▶ Exercise goal
Retype, exactly as they appear below, the lines between the line holding "maker's nationality: italian" and the line holding "tags: temples,men,women,christ,mary magdalene", both ends included.

▶ Supplied entries
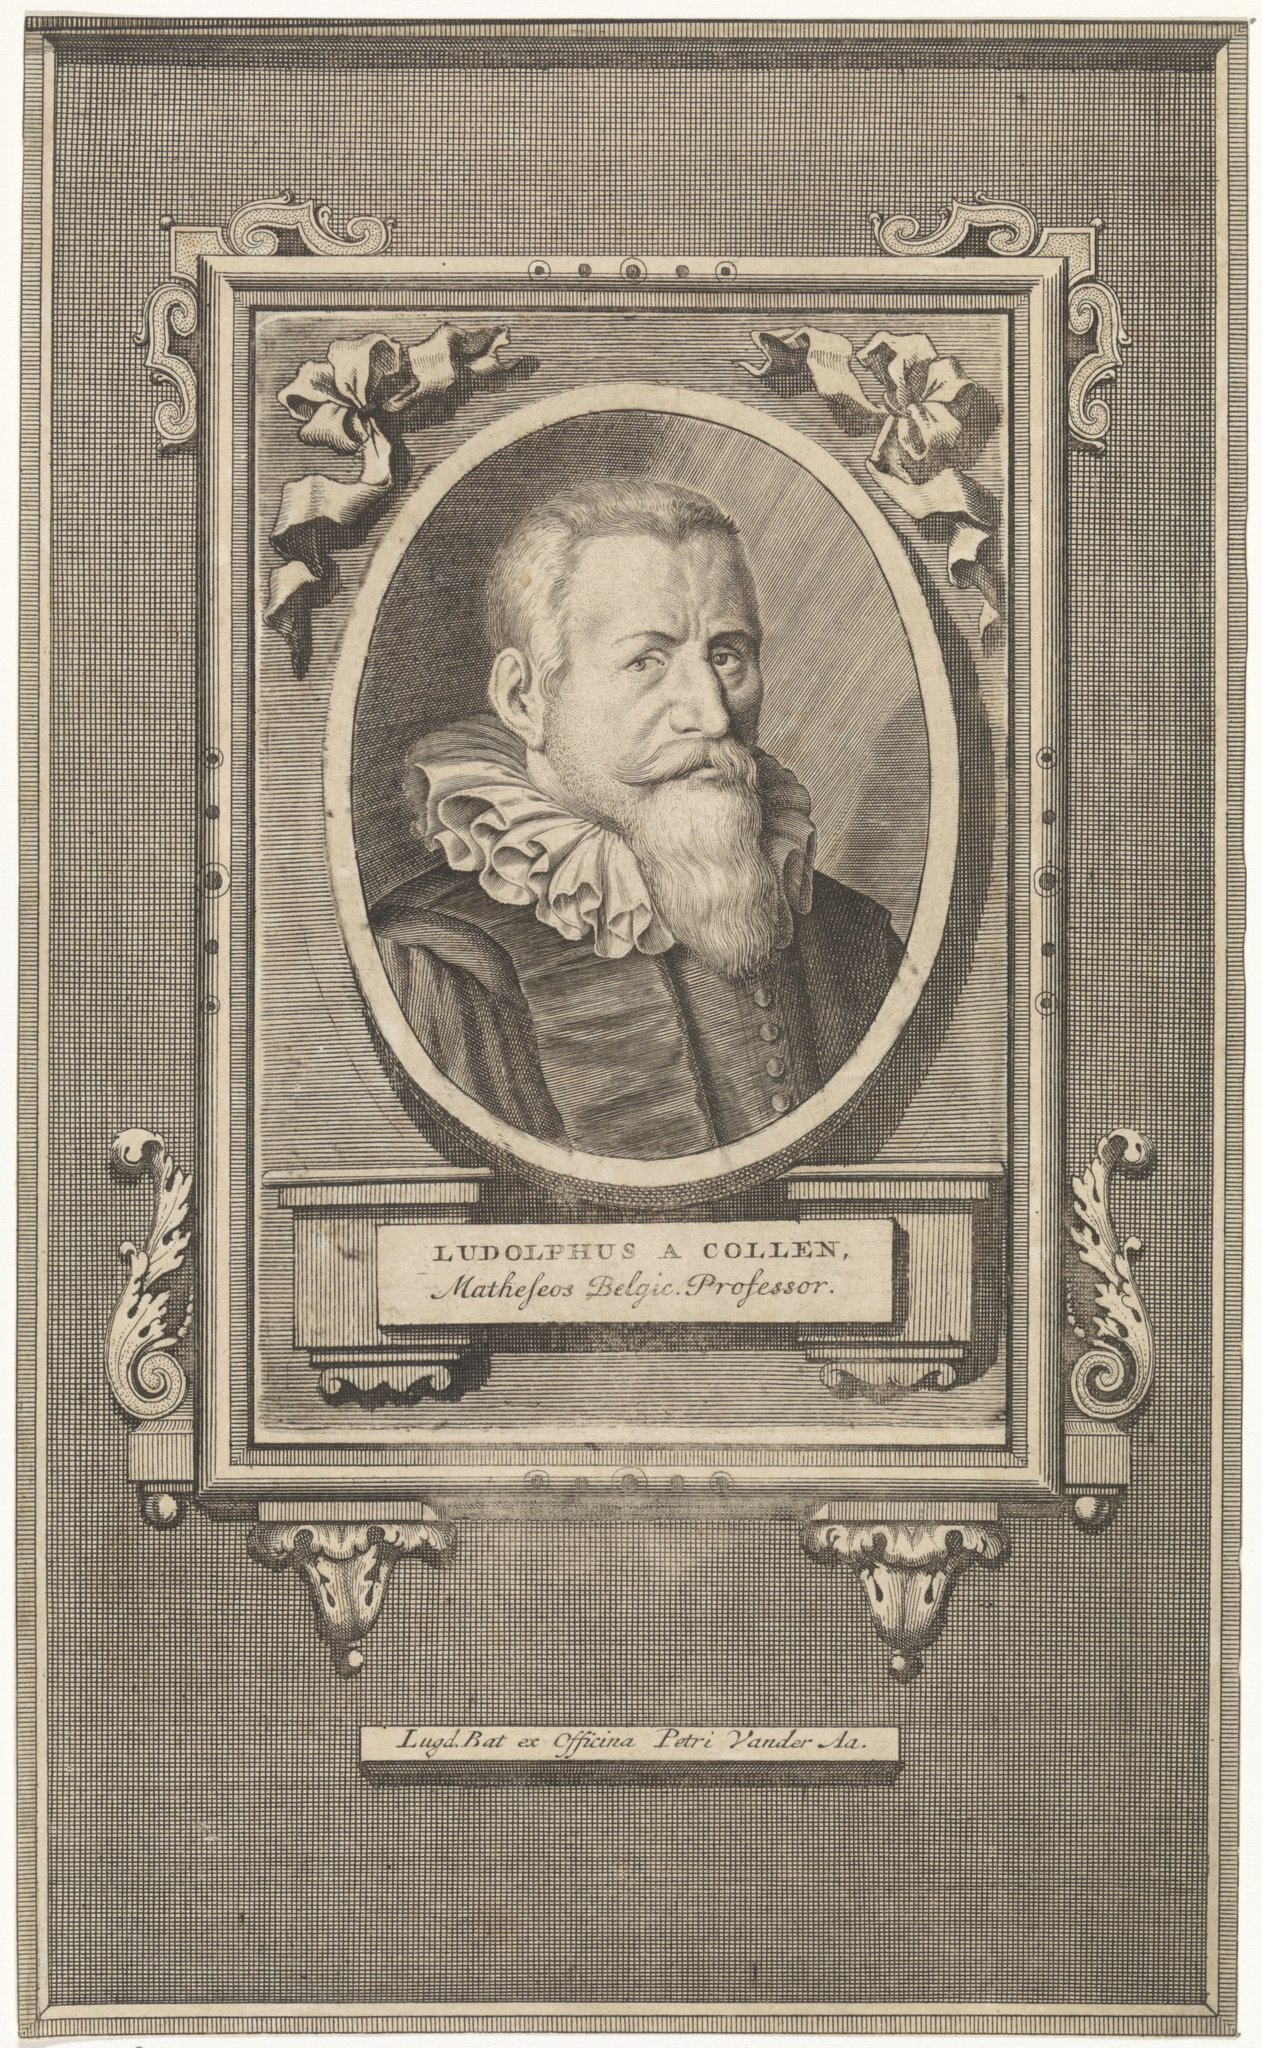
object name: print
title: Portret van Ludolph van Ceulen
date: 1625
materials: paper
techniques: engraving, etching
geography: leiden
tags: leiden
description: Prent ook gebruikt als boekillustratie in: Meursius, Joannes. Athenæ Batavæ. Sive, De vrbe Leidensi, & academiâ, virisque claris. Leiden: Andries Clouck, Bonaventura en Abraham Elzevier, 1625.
--
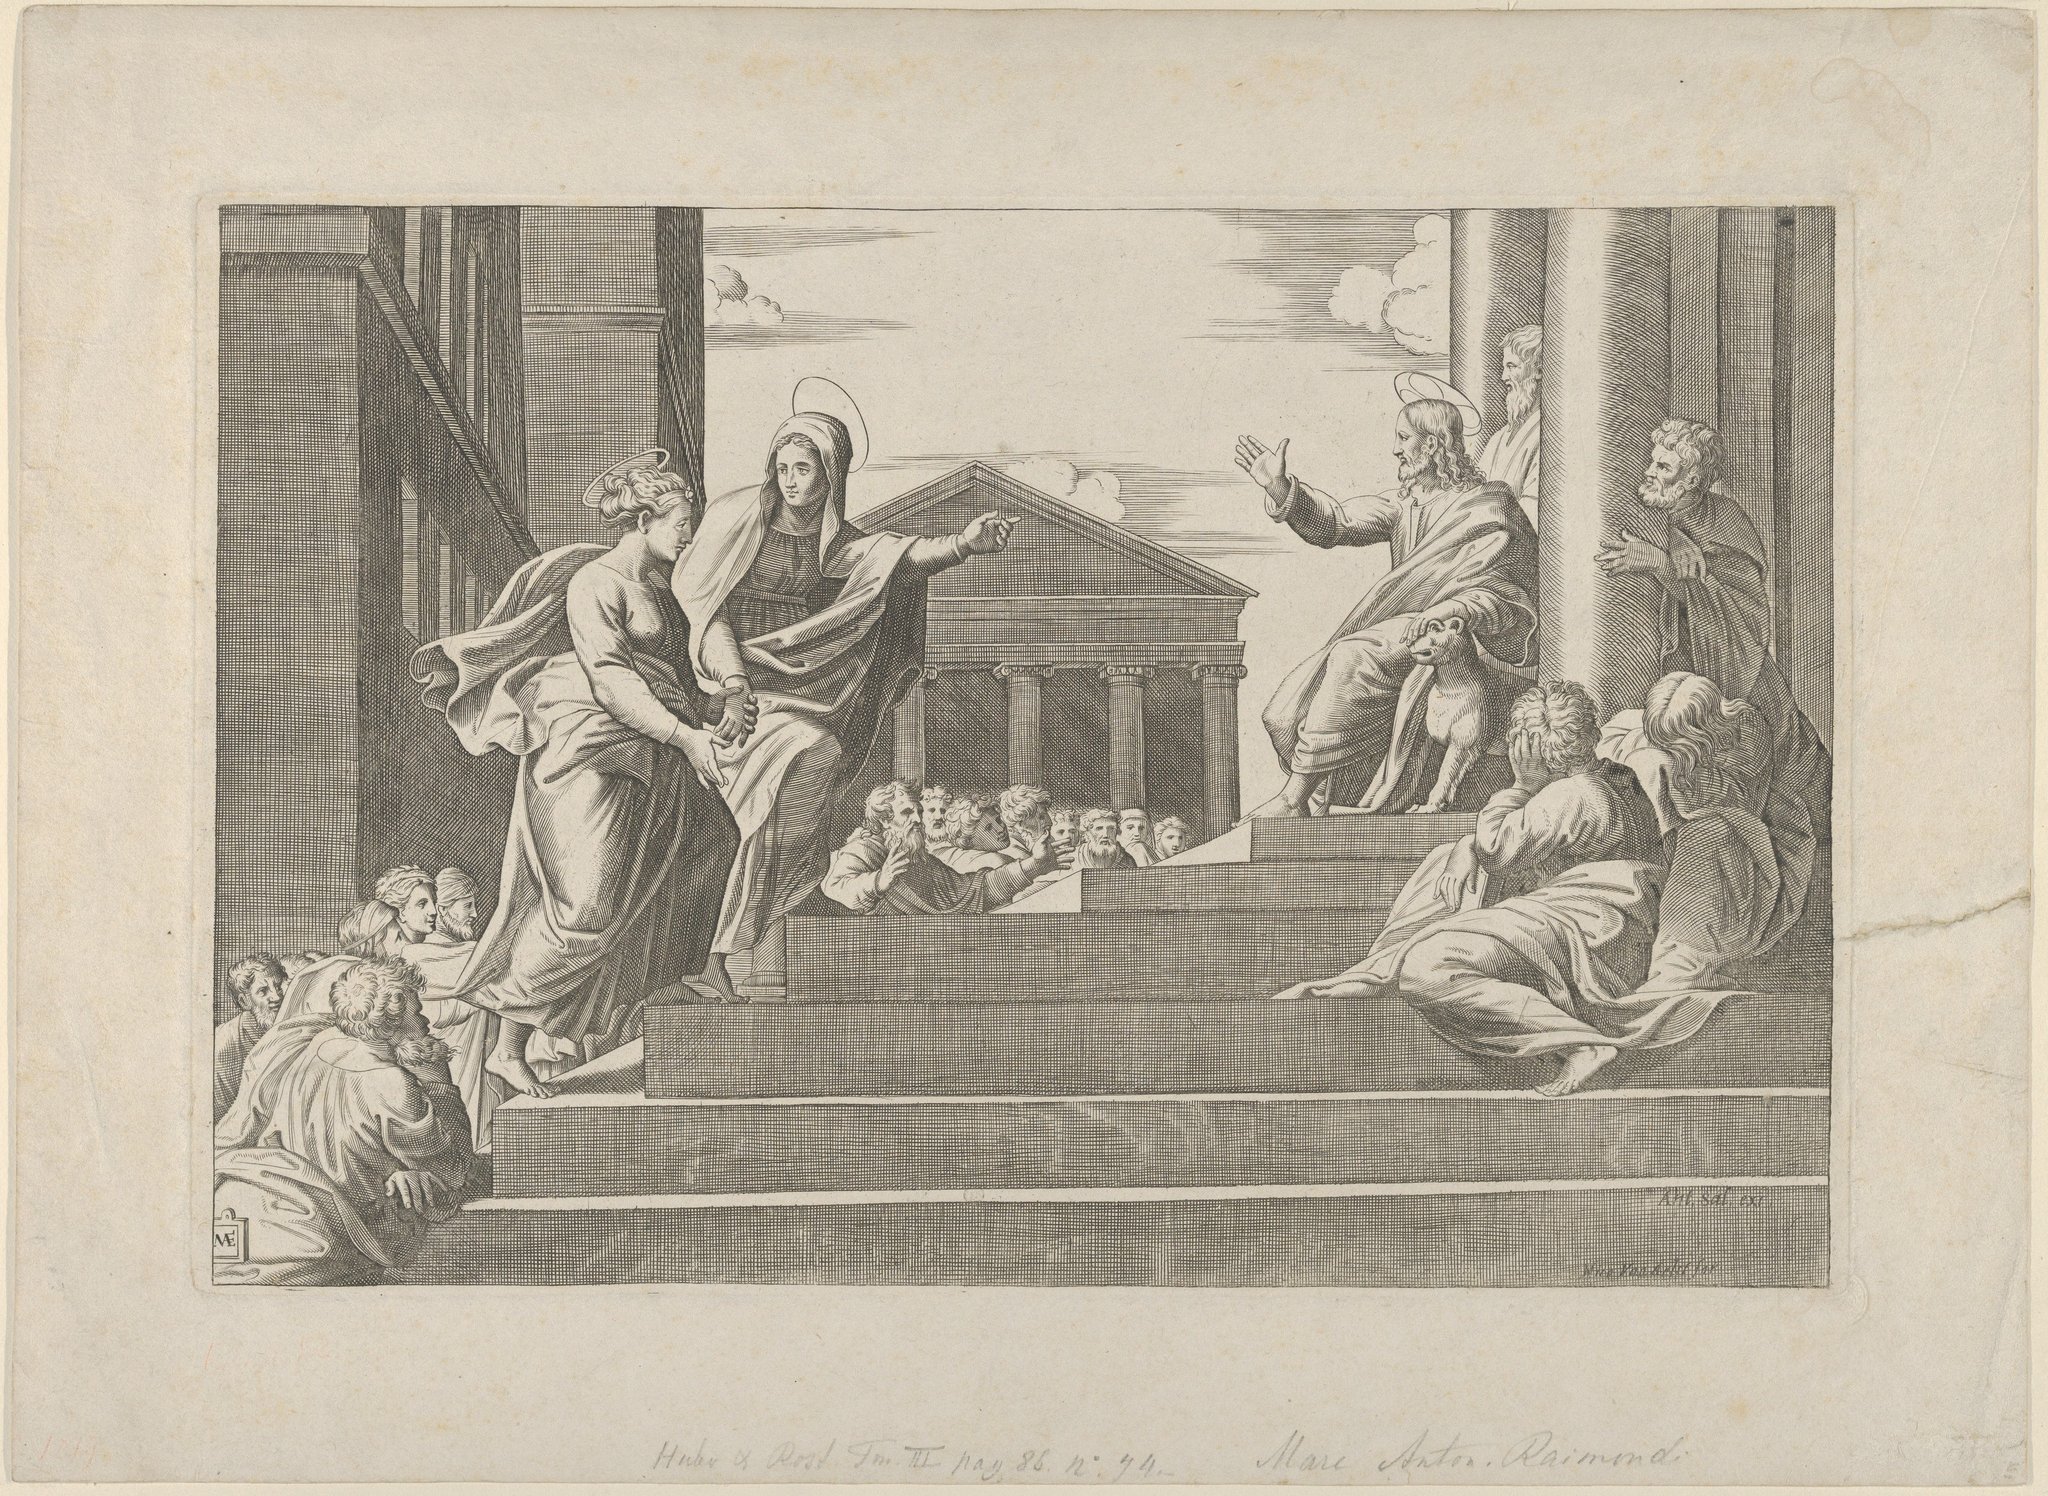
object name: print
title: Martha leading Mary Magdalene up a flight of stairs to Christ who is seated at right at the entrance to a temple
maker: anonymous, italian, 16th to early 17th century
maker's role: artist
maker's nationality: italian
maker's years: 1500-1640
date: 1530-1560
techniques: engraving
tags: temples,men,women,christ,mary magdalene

▶ Answer section
maker's nationality: italian
maker's years: 1500-1640
date: 1530-1560
techniques: engraving
tags: temples,men,women,christ,mary magdalene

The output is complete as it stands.